On the last day of the week, markets woke up with a game changer in the body of good news. Gilead Sciences reported that its drug remdesivir is able to cut the mortality rate in COVID-19 patients by 62 percent.
At the moment of the news, Wall Street was trading down between anxiety and risk aversion due to the latest development in the COVID-19 saga. Daily cases are on the rise in the United States and the rest of the world.
According to the latest update of the COVID-19 Dashboard published by the Center for Systems Science and Engineering at Johns Hopkins University, over 12.5 million cases have been confirmed in 188 countries worldwide. The new coronavirus has killed more than 560 thousand people.
The United States is the most affected country globally, with almost 3.2 million cases and more than 134 thousand people killed by illness associated with the virus. Around 66 thousand new cases are reported every day in the American union, while over 220 thousand globally.
In that framework, markets were worried about the reopening plans in America, Europe, Asia, and Latin America, which is now suffering its peaks in daily cases.
However, everything changed with the remdesivir report. The news that says the mortality rate can be cut by more than half fueled market optimism across the world's most important indexes.
On Friday, the Dow Jones Industrial Average rose 369.21 points or 1.44 percent to close at 26,075.30, near the highs of the day.

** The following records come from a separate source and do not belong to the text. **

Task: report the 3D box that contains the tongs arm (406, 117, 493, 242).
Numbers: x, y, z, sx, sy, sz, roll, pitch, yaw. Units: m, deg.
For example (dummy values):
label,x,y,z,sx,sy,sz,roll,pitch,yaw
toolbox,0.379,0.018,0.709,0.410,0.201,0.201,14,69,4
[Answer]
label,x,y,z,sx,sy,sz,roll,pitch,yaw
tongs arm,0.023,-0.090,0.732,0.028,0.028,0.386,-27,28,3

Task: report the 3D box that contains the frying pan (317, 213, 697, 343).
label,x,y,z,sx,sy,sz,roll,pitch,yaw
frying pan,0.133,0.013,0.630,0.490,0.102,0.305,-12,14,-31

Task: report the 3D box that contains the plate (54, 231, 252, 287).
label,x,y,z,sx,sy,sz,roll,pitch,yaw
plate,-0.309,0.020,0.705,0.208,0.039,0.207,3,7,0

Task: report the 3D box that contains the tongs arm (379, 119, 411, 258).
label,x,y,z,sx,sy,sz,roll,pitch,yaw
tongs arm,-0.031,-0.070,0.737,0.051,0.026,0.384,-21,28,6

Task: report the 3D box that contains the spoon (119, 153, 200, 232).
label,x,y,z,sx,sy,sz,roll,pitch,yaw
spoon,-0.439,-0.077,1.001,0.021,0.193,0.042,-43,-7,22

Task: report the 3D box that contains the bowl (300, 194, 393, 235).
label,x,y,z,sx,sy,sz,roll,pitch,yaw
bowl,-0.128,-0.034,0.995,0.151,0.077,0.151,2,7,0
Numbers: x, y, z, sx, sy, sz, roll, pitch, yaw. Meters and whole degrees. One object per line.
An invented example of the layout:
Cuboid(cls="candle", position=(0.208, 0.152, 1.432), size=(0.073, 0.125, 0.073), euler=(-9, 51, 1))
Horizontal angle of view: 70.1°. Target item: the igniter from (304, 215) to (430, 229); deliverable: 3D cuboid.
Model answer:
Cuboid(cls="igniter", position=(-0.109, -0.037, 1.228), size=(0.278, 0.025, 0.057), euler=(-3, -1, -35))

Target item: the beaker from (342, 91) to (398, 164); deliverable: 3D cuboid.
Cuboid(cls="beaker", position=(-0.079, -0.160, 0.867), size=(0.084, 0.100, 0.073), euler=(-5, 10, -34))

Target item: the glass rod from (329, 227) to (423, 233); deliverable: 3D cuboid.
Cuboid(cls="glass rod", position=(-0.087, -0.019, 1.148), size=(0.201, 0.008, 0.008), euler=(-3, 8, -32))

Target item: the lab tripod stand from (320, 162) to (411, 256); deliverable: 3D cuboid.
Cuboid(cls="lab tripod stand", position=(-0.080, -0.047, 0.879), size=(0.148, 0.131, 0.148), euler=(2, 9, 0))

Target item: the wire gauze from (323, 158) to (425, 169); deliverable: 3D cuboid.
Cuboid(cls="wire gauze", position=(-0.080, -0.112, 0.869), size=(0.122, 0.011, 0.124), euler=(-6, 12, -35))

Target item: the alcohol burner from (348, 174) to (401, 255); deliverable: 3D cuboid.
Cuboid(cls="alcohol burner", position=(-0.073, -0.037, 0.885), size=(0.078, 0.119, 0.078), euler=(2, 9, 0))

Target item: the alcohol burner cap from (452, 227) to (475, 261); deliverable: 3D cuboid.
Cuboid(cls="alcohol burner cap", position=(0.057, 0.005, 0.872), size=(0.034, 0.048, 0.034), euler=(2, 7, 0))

The S6P 500 added 32.99 points or 1.05 percent to end the session at 3,185.04, one point shy of its daily high.
The NASDAQ Composite gained 69.69 points or 0.66 percent to finish the day at 10,617.44. On the week, the DJIA added 0.96 percent, the S&P 500 closed 1.76 percent up, and the NASDAQ was 4.01 percent.
Why? The market is now thinking that there will be many cases of COVID-19, but the mortality rate wouldn't be too bad, so one less problem. Reopening plans can go on.
In the Gilead Science analysis, "remdesivir was associated with an improvement in clinical recovery and a 62 percent reduction in the risk of mortality compared with standard of care," the report says. However, they warned that it is "an important finding that requires confirmation in prospective clinical trials."
Now, let's talk about the Gilead Sciences share, aka GILD, as a matter of context.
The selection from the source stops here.